Fixated on fundraising
DeLay and others also grew increasingly focused on campaign fundraising, especially how much others were raising for the party and fellow members. They abolished the seniority system that controlled chairmanships and committee assignments, and replaced it with ideological and financial litmus tests. Those who raised the most money for the party often had the best chance of snaring a top committee assignment.

DeLay "had a tremendous influence making [money] a consideration, and once you have adopted those criteria, other members take note and say 'Gosh, I better do whatever it takes to get the nod for the job,' " Michel said.
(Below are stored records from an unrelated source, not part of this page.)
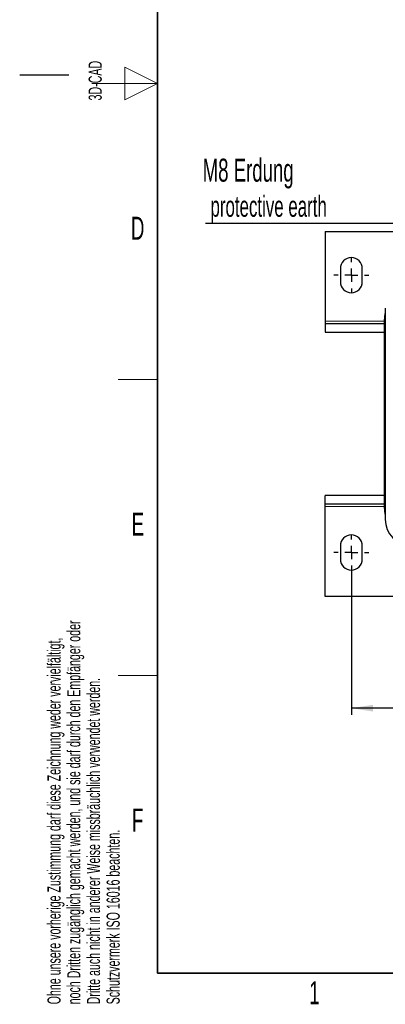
# Model space of a CAD drawing. Header units: millimetres. Extents: x 5 to 418, y 2 to 292.
# Tile 1 of 56: x 5 to 61, y 7 to 157. Entities that reach past the tile are written whole.
import ezdxf

# ---------------------------------------------------------------- set-up
doc = ezdxf.new("R2010")
doc.units = ezdxf.units.MM
doc.layers.add('SLD-0', color=7, linetype='Continuous')
doc.styles.add('SLDTEXTSTYLE0', font='TXT', dxfattribs={"width": 0.605})
doc.dimstyles.new('SLDDIMSTYLE0', dxfattribs={"dimtxt": 3.5, "dimasz": 3.302, "dimexe": 0, "dimexo": 0.0625, "dimgap": 0.875, "dimtad": 1, "dimlfac": 3, "dimrnd": 1e-09, "dimzin": 12, "dimdsep": 46, "dimtxsty": 'SLDTEXTSTYLE0', "dimsah": 1, "dimcen": 0.09, "dimadec": 0, "dimazin": 3, "dimtfac": 1, "dimtofl": 0, "dimtmove": 0, "dimatfit": 3, "dimfxl": 1, "dimfrac": 2, "dimtolj": 1, "dimtzin": 12, "dimarcsym": 0})

# ---------------------------------------------------------------- blocks, each defined once
blk = doc.blocks.new('_D_5')
at = {"layer": 'SLD-0', "color": 7}
for p, q in [((152.82, 74.94), (152.82, 51.27)), ((55.49, 73.28), (55.49, 51.27)), ((152.82, 52.27), (55.49, 52.27))]:
    blk.add_line(p, q, dxfattribs=at)
for points in [[(55.49, 52.27), (58.79, 51.76), (58.79, 52.78)], [(152.82, 52.27), (149.52, 52.78), (149.52, 51.76)]]:
    blk.add_solid(points, dxfattribs=at)
at = {"layer": 'SLD-0', "color": 7, "insert": (100.14, 56.78), "char_height": 3.5, "attachment_point": 1, "style": 'SLDTEXTSTYLE0'}
blk.add_mtext('292', dxfattribs=at)
blk = doc.blocks.new('SW_NOTE_0_2')
at = {"layer": 'SLD-0', "color": 0}
blk.add_line((-30.46, 0), (0, 0), dxfattribs=at)
at = {"layer": 'SLD-0', "color": 0, "attachment_point": 1, "style": 'SLDTEXTSTYLE0'}
for s, insert, char_height in [('M8 Erdung', (-30.88, 9.81), 3.5), ('protective earth', (-29.69, 4.15), 3.175)]:
    blk.add_mtext(s, dxfattribs=dict(at, insert=insert, char_height=char_height))
blk = doc.blocks.new('SW_CENTERMARKSYMBOL_5')
at = {"layer": 'SLD-0', "color": 0}
for p, q in [((0, 2), (0, 2.67)), ((-2, 0), (-2.67, 0)), ((0, 0), (-1, 0)), ((0, 0), (0, 1)), ((0, 0), (0, -1)), ((0, 0), (1, 0)), ((2, 0), (2.67, 0)), ((0, -2), (0, -2.67))]:
    blk.add_line(p, q, dxfattribs=at)
blk = doc.blocks.new('SW_CENTERMARKSYMBOL_7')
at = {"layer": 'SLD-0', "color": 0}
for p, q in [((0, 2), (0, 2.67)), ((-2, 0), (-2.67, 0)), ((0, 0), (-1, 0)), ((0, 0), (0, 1)), ((0, 0), (0, -1)), ((0, 0), (1, 0)), ((2, 0), (2.67, 0)), ((0, -2), (0, -2.67))]:
    blk.add_line(p, q, dxfattribs=at)

msp = doc.modelspace()

# ---------------------------------------------------------------- linework, layer by layer
at = {"color": 7, "linetype": 'Continuous', "lineweight": 25}
for p, q in [((51.4853, 124.7769), (51.4853, 111.1102)), ((51.4853, 124.7769), (67.4853, 124.7769)), ((53.8187, 119.1102), (53.8187, 117.1102)), ((57.152, 117.1102), (57.152, 119.1102)), ((60.652, 113.0769), (60.652, 80.9769)), ((51.4853, 111.1102), (51.4853, 110.7769)), ((60.4853, 111.0269), (60.4853, 83.0269)), ((51.4853, 110.7769), (51.4853, 109.4436)), ((51.4853, 110.7769), (60.4853, 110.7769)), ((51.4853, 109.4436), (60.4853, 109.4436)), ((51.4853, 83.2769), (51.4853, 84.6102)), ((60.4853, 84.6102), (51.4853, 84.6102)), ((60.4853, 83.2769), (51.4853, 83.2769)), ((51.4853, 82.9436), (51.4853, 83.2769)), ((51.4853, 69.2769), (51.4853, 82.9436)), ((53.8187, 76.9436), (53.8187, 74.9436)), ((57.152, 74.9436), (57.152, 76.9436)), ((156.8187, 69.2769), (51.4853, 69.2769))]:
    msp.add_line(p, q, dxfattribs=at)
at = {"color": 7, "linetype": 'Continuous', "lineweight": 18}
for p, q in [((51.4853, 111.1102), (60.4859, 111.1102)), ((60.4859, 82.9436), (51.4853, 82.9436))]:
    msp.add_line(p, q, dxfattribs=at)
at = {"color": 7, "linetype": 'Continuous', "lineweight": 25, "flags": 128}
for points in [[(60.652, 112.4313), (60.5464, 111.8808), (60.4853, 111.0269)], [(60.4853, 83.0269), (60.5464, 82.173), (60.652, 81.6225)]]:
    msp.add_lwpolyline(points, dxfattribs=at)
at = {"color": 7, "linetype": 'Continuous', "lineweight": 25}
for centre, radius, start, end in [((55.4853, 119.1102), 1.6667, 0, 180), ((55.4853, 117.1102), 1.6667, 180, 0), ((64.652, 80.9769), 4, 180, 268.362755), ((55.4853, 76.9436), 1.6667, 0, 180), ((55.4853, 74.9436), 1.6667, 180, 0)]:
    msp.add_arc(centre, radius, start, end, dxfattribs=at)
at = {"layer": 'SLD-0', "lineweight": 35}
for p, q in [((26, 282.5), (26, 12)), ((26, 12), (408, 12))]:
    msp.add_line(p, q, dxfattribs=at)
at = {"layer": 'SLD-0', "color": 7, "linetype": 'Continuous', "lineweight": 18}
for p, q in [((26, 147.25), (21, 149.75)), ((21, 149.75), (21, 144.75)), ((16, 147.25), (26, 147.25)), ((21, 144.75), (26, 147.25))]:
    msp.add_line(p, q, dxfattribs=at)
at = {"layer": 'SLD-0'}
msp.add_line((12.5, 148.5), (5, 148.5), dxfattribs=at)
at = {"layer": 'SLD-0', "lineweight": 18}
for p, q in [((20, 102.25), (26, 102.25)), ((20, 57.25), (26, 57.25))]:
    msp.add_line(p, q, dxfattribs=at)

# ---------------------------------------------------------------- block references
at = {"layer": 'SLD-0'}
msp.add_blockref('SW_NOTE_0_2', (63.732, 126.0201), dxfattribs=at)
at = {"layer": 'SLD-0', "color": 7}
for name, p in [('SW_CENTERMARKSYMBOL_5', (55.4853, 118.1102)), ('SW_CENTERMARKSYMBOL_7', (55.4853, 75.9436))]:
    msp.add_blockref(name, p, dxfattribs=at)

# ---------------------------------------------------------------- texts
at = {"layer": 'SLD-0', "char_height": 2, "attachment_point": 1, "rotation": 90, "style": 'SLDTEXTSTYLE0'}
for s, insert in [('3D-CAD', (15.4939, 144.6806)), ('noch Dritten zugänglich gemacht werden, und sie darf durch den Empfänger oder', (12.2299, 7.2381)), ('Ohne unsere vorherige Zustimmung darf diese Zeichnung weder vervielfältigt,', (9.2299, 7.2381)), ('Dritte auch nicht in anderer Weise missbräuchlich verwendet werden.', (15.2299, 7.2381)), ('Schutzvermerk ISO 16016 beachten.', (18.2299, 7.2381))]:
    msp.add_mtext(s, dxfattribs=dict(at, insert=insert))
at = {"layer": 'SLD-0', "char_height": 3.5, "attachment_point": 2, "style": 'SLDTEXTSTYLE0'}
for s, insert in [('D', (22.9597, 127.0011)), ('E', (22.9816, 82.0011)), ('F', (22.9536, 37.0011)), ('1', (49.8527, 10.743))]:
    msp.add_mtext(s, dxfattribs=dict(at, insert=insert))

# ---------------------------------------------------------------- dimensions: what is measured, and where the dimension line sits
at = {"layer": 'SLD-0', "color": 7}
dim = msp.add_linear_dim(base=(55.4853, 52.2711), p1=(152.8187, 74.9436), p2=(55.4853, 73.2769), dimstyle='SLDDIMSTYLE0', dxfattribs=at)
dim.commit()
dim.dimension.update_dxf_attribs({"geometry": '_D_5', "text_midpoint": (104.152, 52.2711), "dimtype": 160})

doc.saveas('drawing.dxf')

The Republicans built a powerful legislative machine that rarely faltered. House Republicans were highly effective at passing legislation, especially tax cuts and measures benefiting businesses. The GOP leaders rarely lost floor votes, and since President Bush took office in 2001, they have shaped and pushed the Republican agenda. But along the way, the core conservative principle of shrinking the size of government was jettisoned, according to some Republican members. During the past six years alone, government spending has increased by more than 25 percent under their watch.

Rep. Mark Edward Souder (R-Ind.) said the party has compromised away its commitment to smaller government. "The moderates went along with us on policy as long as we gave them more money at the end of the year," Souder said. "We got addicted to spending." Souder, who first won office in 1994, said that it is no longer clear what the party stands for.

"This is a campaign where we're each fighting on our own, hoping we can survive with a bare majority," Souder said. "Even if we had a unified vision, I don't know exactly what our vision would be."

Of all of the examples of backsliding, it is the ethical ones that Republicans fear could hurt them most in the fall election. Rep. Randy "Duke" Cunningham (R-Calif.) recently resigned after pleading guilty to taking bribes. Last week, DeLay announced he will resign from Congress this spring, just as the investigation of his former top aides in money-for-favors scandals is heating up. Many members said they expect at least one more GOP member to be indicted this year. A new AP poll shows 60 percent of Republicans now disapprove of the Republican Congress.

"If it's about your power, you lose," Armey said, quoting one of his own favorite axioms. "If it's about you, you lose."